Extracted entries —
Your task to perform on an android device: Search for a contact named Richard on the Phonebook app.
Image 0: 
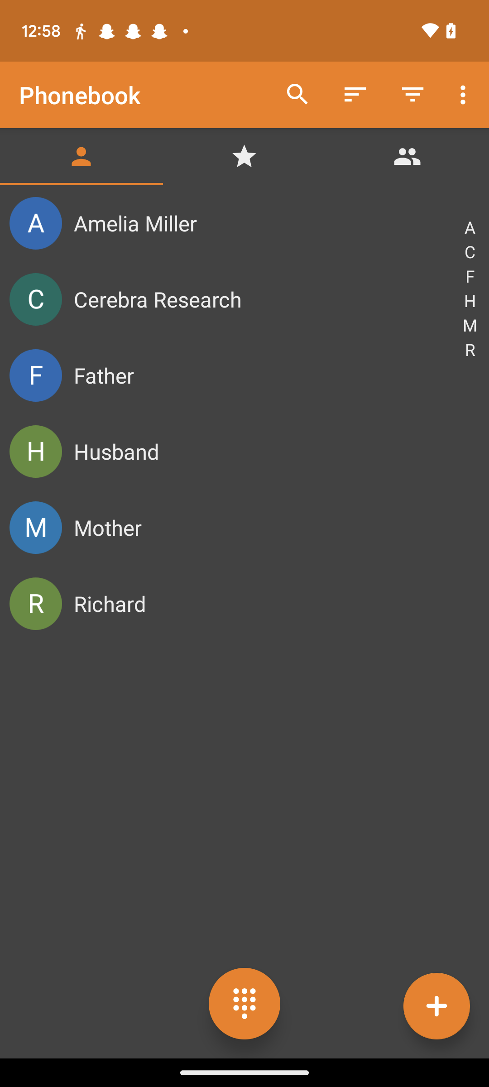
Click on the Search icon at the top of the screen.
Step 0: click (297, 95)
Image 1: 
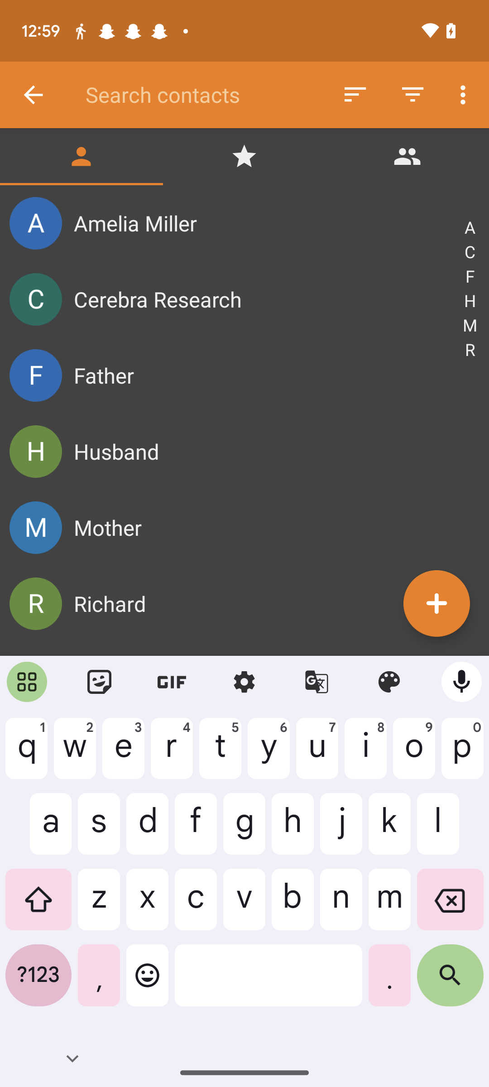
Type in Richard.
Step 1: type "Richard"
Image 2: 
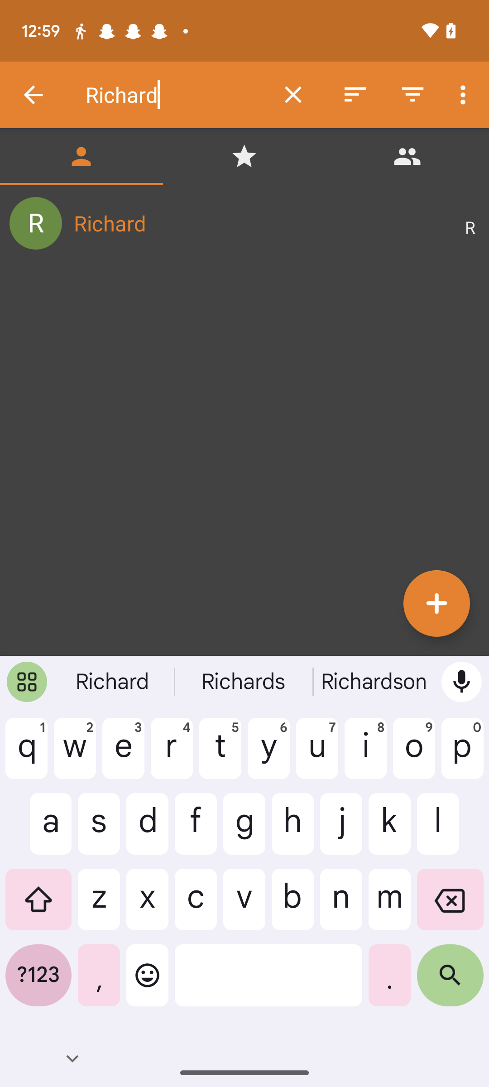
Click on the search button at the bottom right of the keyboard.
Step 2: click (450, 982)

Aim of the task — Retype every entry above exactly and, please, skip the pictures.

Output for this task —
Your task to perform on an android device: Search for a contact named Richard on the Phonebook app.
Image 0: 
Click on the Search icon at the top of the screen.
Step 0: click (297, 95)
Image 1: 
Type in Richard.
Step 1: type "Richard"
Image 2: 
Click on the search button at the bottom right of the keyboard.
Step 2: click (450, 982)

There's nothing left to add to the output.